__REQUIREMENT__
Where in the records does the word "maker" occur? Copy each line in which it does.

__AVAILABLE RECORDS__
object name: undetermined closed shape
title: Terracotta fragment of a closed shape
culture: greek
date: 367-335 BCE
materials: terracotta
...
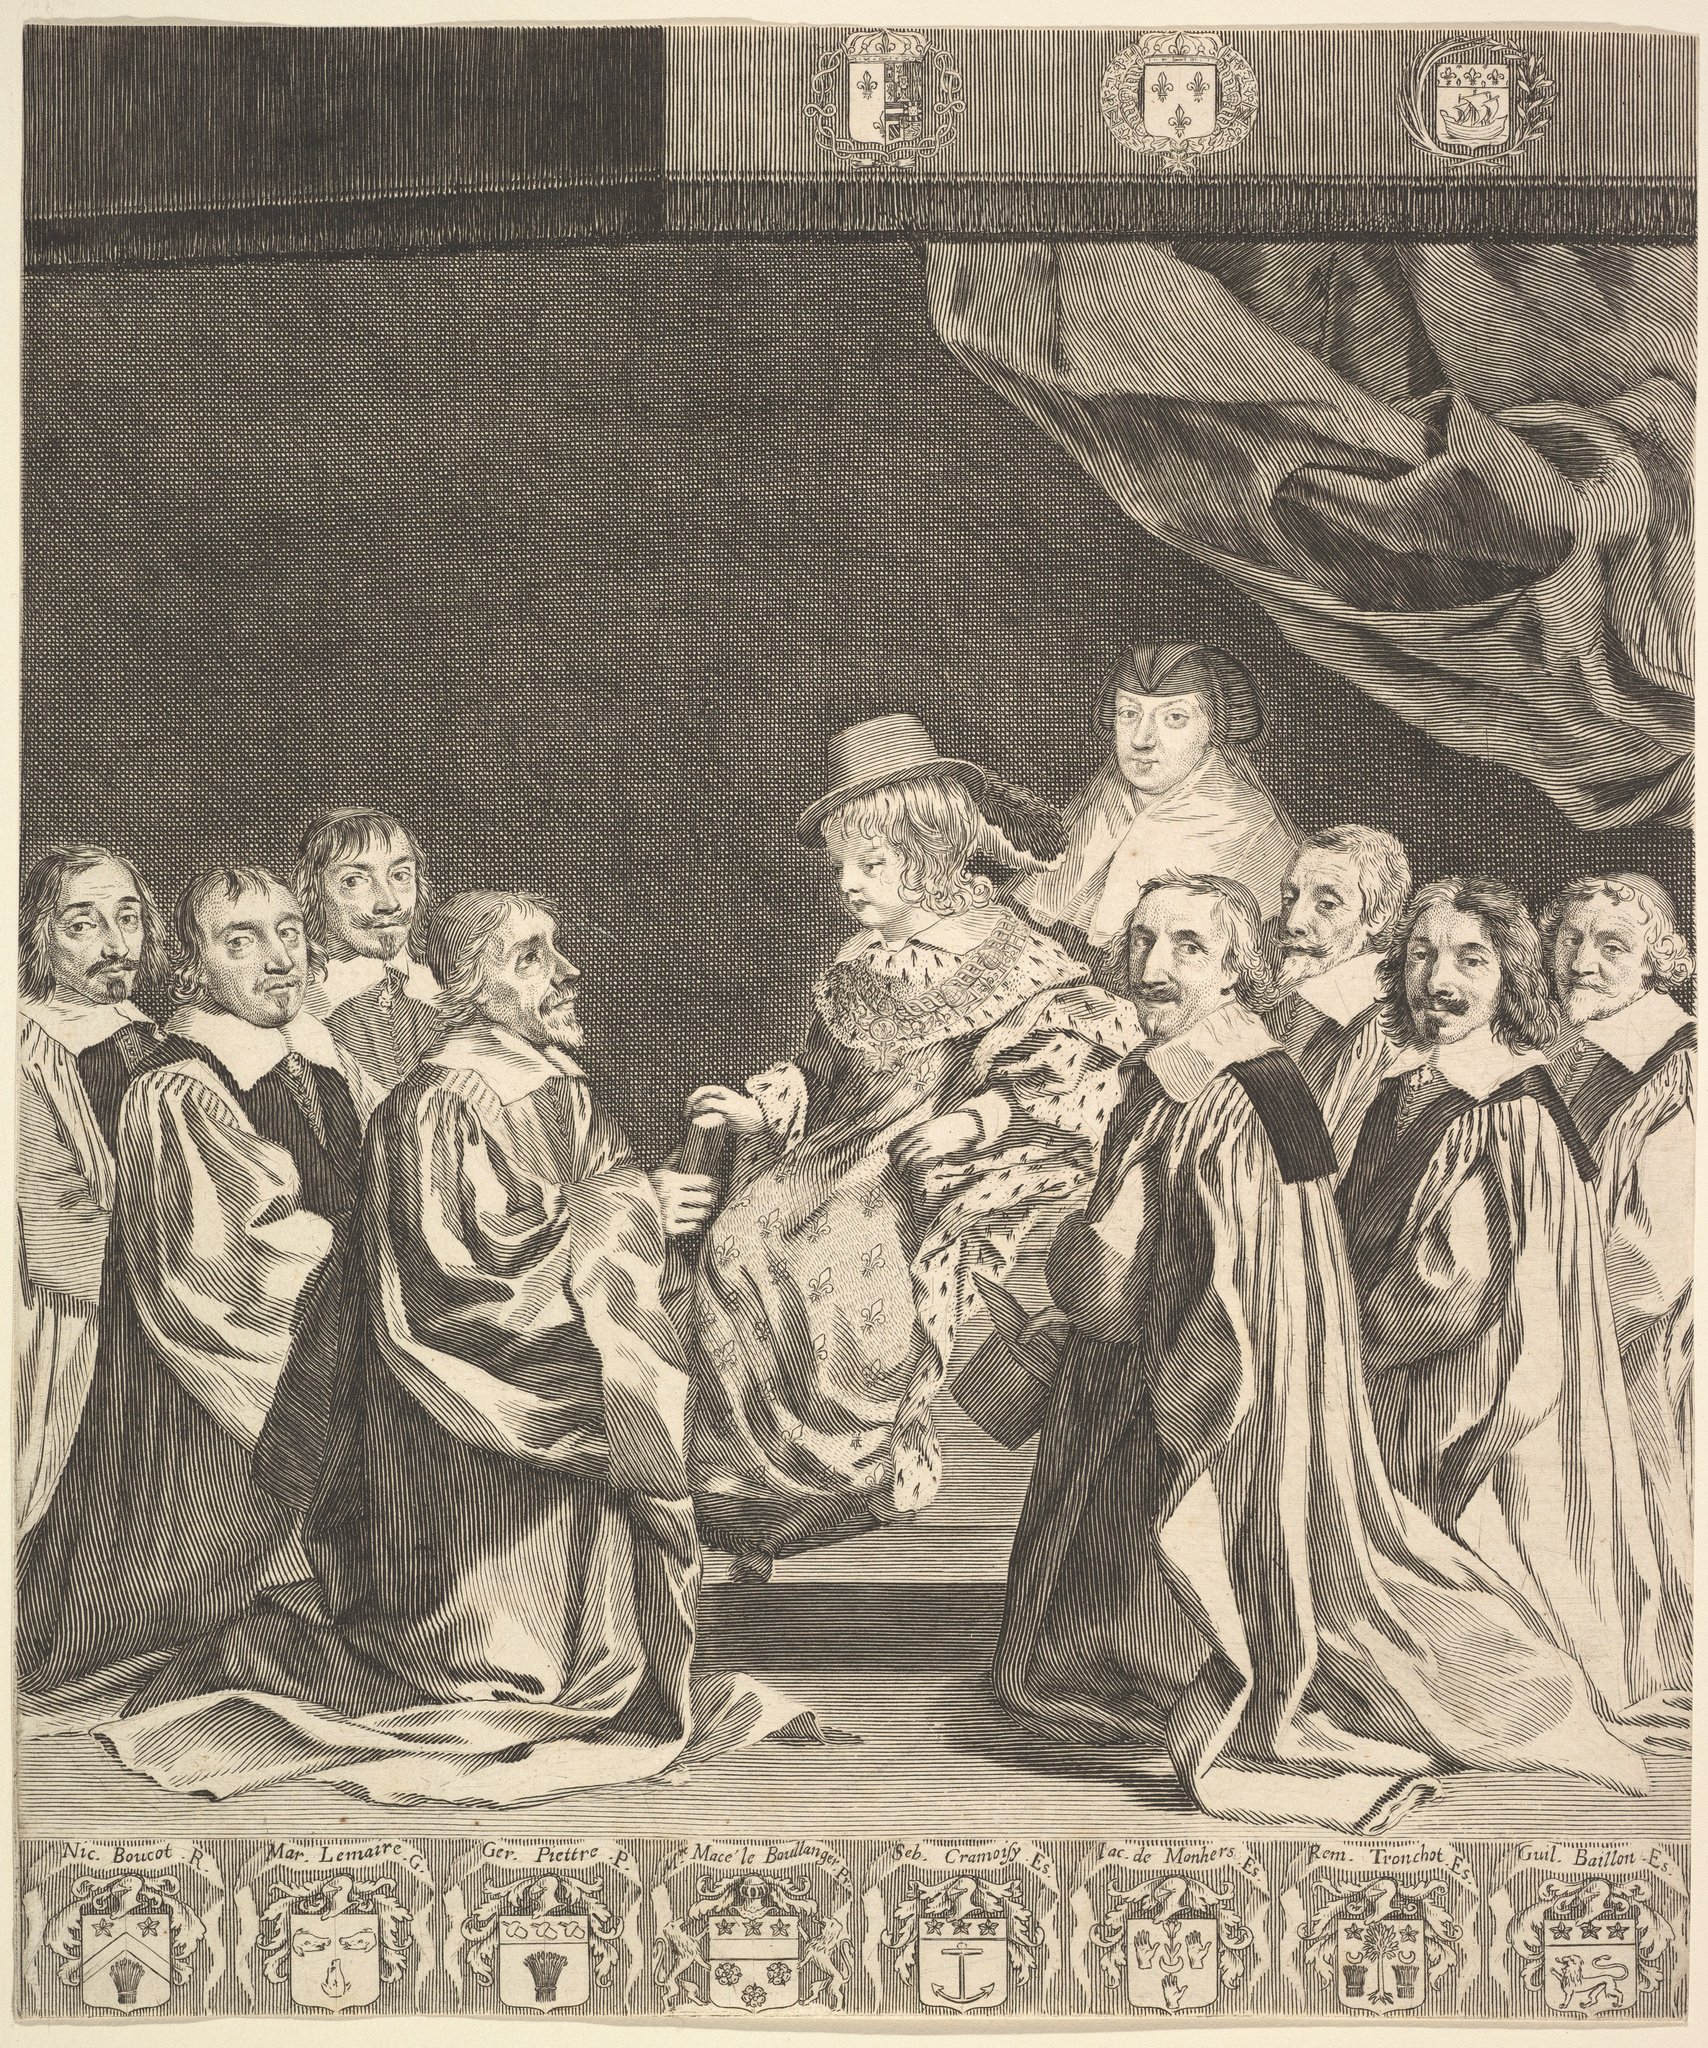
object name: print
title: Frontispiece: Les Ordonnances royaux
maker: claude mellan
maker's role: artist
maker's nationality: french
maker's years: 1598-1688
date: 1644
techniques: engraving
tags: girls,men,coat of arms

__ANSWER BOX__
maker: claude mellan
maker's role: artist
maker's nationality: french
maker's years: 1598-1688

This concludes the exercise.